The method writes four keys per neuron — ahmed2025_<stim>_tuned, ahmed2025_<stim>_well_tuned, ahmed2025_<stim>_p_wilcoxon, ahmed2025_<stim>_delta_normalized. With n_resamples=10_000 (~11 min on TIMIT, ~4 min on mVocs) the well-tuned counts come within ~2–3 % of the paper (413 / 475 vs 404 / 489).
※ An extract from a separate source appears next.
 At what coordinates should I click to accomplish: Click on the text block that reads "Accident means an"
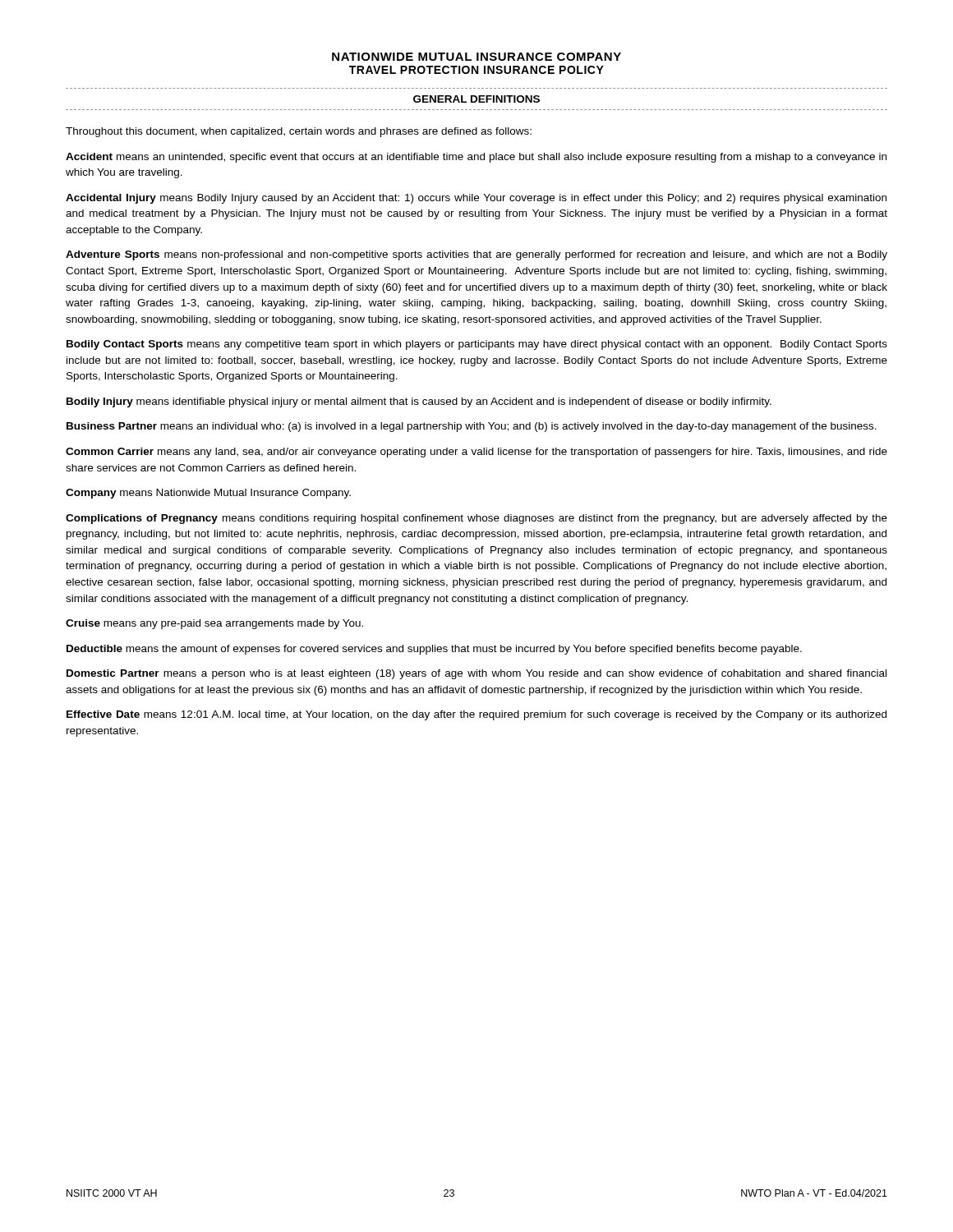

For an exact match on the looser tuned counts (1195 / 1231) bump to n_resamples=100_000 (~80 min per mode). For most analyses, the library-canonical SNR / CCmax filter via compute_neuron_quality() is a faster paper-agnostic alternative.

Remarks

MUA only. Every *_MUspk.mat file holds threshold-crossing spike times for one channel — no spike-sorting, no per-spike cluster ID. Ahmed 2025: “we refer to the source of spikes on a single channel as a ‘multi-unit’” (p4).
Suffix variants (p, s2, ps2) annotate re-mounted recordings on the same channel number and are kept as distinct cells (with distinct cell_ids). Their trial struct is identical to the plain-channel files in the same session; only the spike-time history differs.
Bandwidth cap. Both stim classes are resampled to 16 kHz and mel-filtered with fmax=8 000 to match the paper’s 50–8000 Hz cochleagram baseline. The mVocs source actually contains content up to ~20 kHz (squirrel monkey audible range is well above 20 kHz), so users wanting the full band can override audio_fs= and fmax= — but cross-mode concatenation will then refuse (different F/bandwidth between TIMIT and mVocs).
8 sessions lack a top-level *_TRIALINFO.mat file. We always read the trial struct embedded in each channel’s MUspk file instead — they’re identical across channels within a session, so this is a no-op for the well-formed sessions and a fallback for the rest.
Bad sessions flagged in sessions_metadata.yml are absent from the Zenodo upload (verified at load time). The Downer2025Dataset constructor honours the flag defensively anyway.